Local filmmaker Lorenzo Dickerson wants to bring to light to the lesser known parts of Charlottesville’s past.
His latest documentary, “Color Line of Scrimmage,” tells the story of the undefeated and never-scored-upon 1956 Burley High School Bears football team.
The film premiered at the Maupintown Film Festival at the Jefferson School African American Heritage Center on Sunday.
Before being converted to a middle school in 1973, Burley served for 18 years as the area’s only black high school during the time of segregation and Massive Resistance.
“Even though [the 1956 Bears] played during segregated times, because they were so good, both African-Americans and whites attended their games in mass amounts,” Dickerson said.
According to the film, Lane High School had an underwhelming season in 1956, and the University of Virginia was suffering through a 28-game losing streak around the same time.
“We would have people who wanted to see a good football game. They knew Friday night at Burley was the place to be,” team member William Redd said in the film.
On Sunday, Dickerson introduced the film and led a brief question and answer session after the screening. Also in attendance were four members of the 1956 team.
Born and raised in Albemarle, Dickerson had grandparents who attended Burley and he grew up hearing stories of the school’s accomplished sports teams. The story of the 1956 football team came up again at a family gathering when Dickerson moved back to Charlottesville from Maryland last year, and he saw the potential for a documentary.
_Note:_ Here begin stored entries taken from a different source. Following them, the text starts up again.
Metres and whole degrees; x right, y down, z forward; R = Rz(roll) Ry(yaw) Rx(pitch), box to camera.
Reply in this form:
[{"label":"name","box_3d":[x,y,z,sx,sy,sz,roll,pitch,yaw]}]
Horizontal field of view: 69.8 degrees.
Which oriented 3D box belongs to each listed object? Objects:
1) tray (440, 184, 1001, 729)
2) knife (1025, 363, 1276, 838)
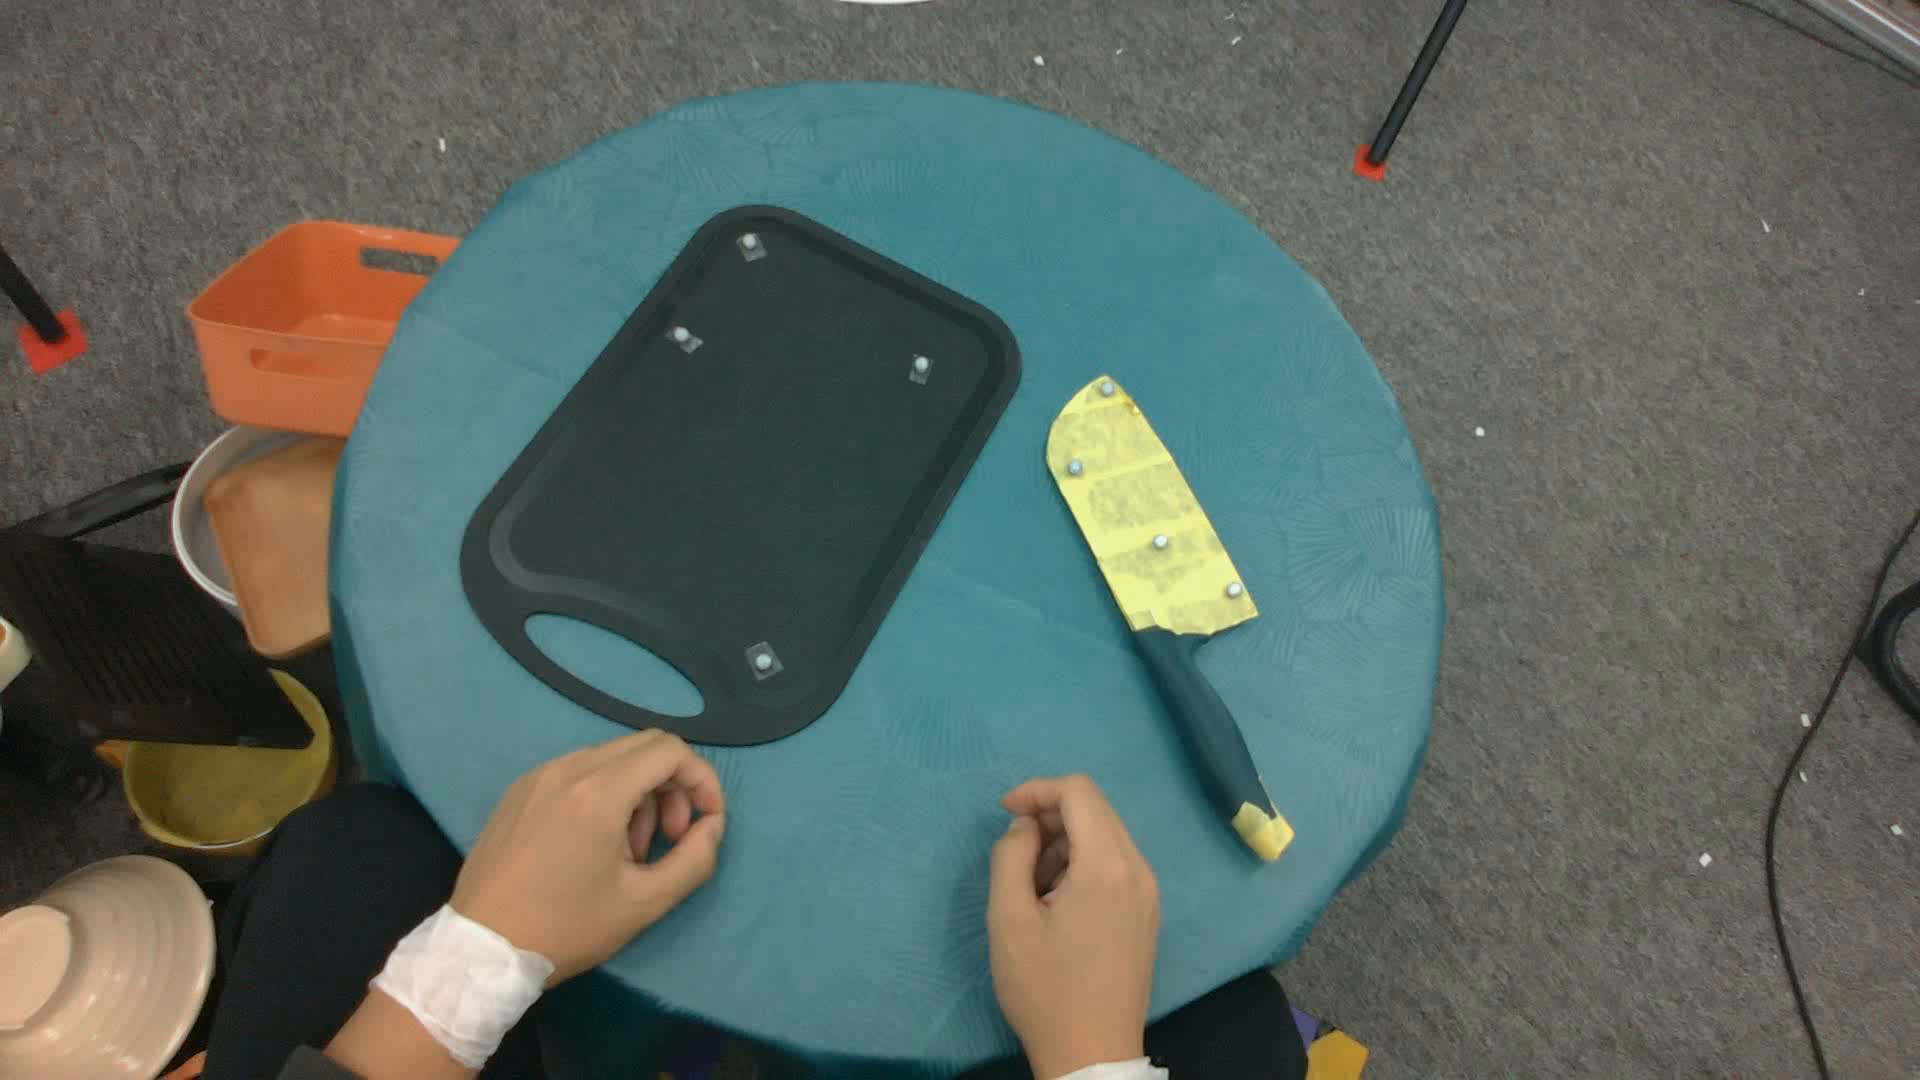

Aiding in the research and interview process was the Burley Varsity Club, an organization of Burley High athletics alumni.
“I got in touch with the president of the group, and off the top of his head he already knew one of the players who was still here in Charlottesville,” said Dickerson. “That was the first interview I did, with Mr. William Redd. He put me in touch with a few of the other players, so I was able to meet with those guys and do interviews, as well.”
Also interviewed for the film was Charles Barbour, the city’s first African-American mayor and an early proponent of the Downtown Mall. In the interview, Barbour recalled getting married and starting to work at the UVa hospital the same year he began attending Burley and playing football.
The players also recounted meeting and being coached by Charlottesville native and New York Giants offensive lineman Roosevelt Brown. The same year, the Giants won the NFL championship. Brown inspired the Burley Bears and taught them professional plays.
Dickerson said he thinks stories like that of the 1956 Burley Bears are vital, under-acknowledged parts of local history. While Burley Middle School dedicates a hallway to images and memorabilia from the high school, Dickerson said such displays are too easily ignored.
“People walk those hallways all the time without paying attention. If you don’t enter the school, which the vast majority of people here have no reason to do, then you never know the story,” he said. “When I went to Burley to film parts of this film, I was in that hallway, and I realized there was a picture of my own grandmother on the wall and I had never seen it before.”
That discovery shows Dickerson’s deeply personal connection as a filmmaker to his subject matter. His first documentary, “The Coachman,” followed his own great-great-grandfather’s life as a coachman in what is now Keswick Estates.
“The Coachman” sparked Dickerson’s love for the art. In addition to “Color Line of Scrimmage,” he will soon release a documentary about the historical experiences of students and teachers in rural schools and black high schools called “Albemarle’s Black Classrooms.”
“Part of what I do as a filmmaker is really wanting to tell the stories that are here, locally, that we don’t hear and are not taught about in school,” he said.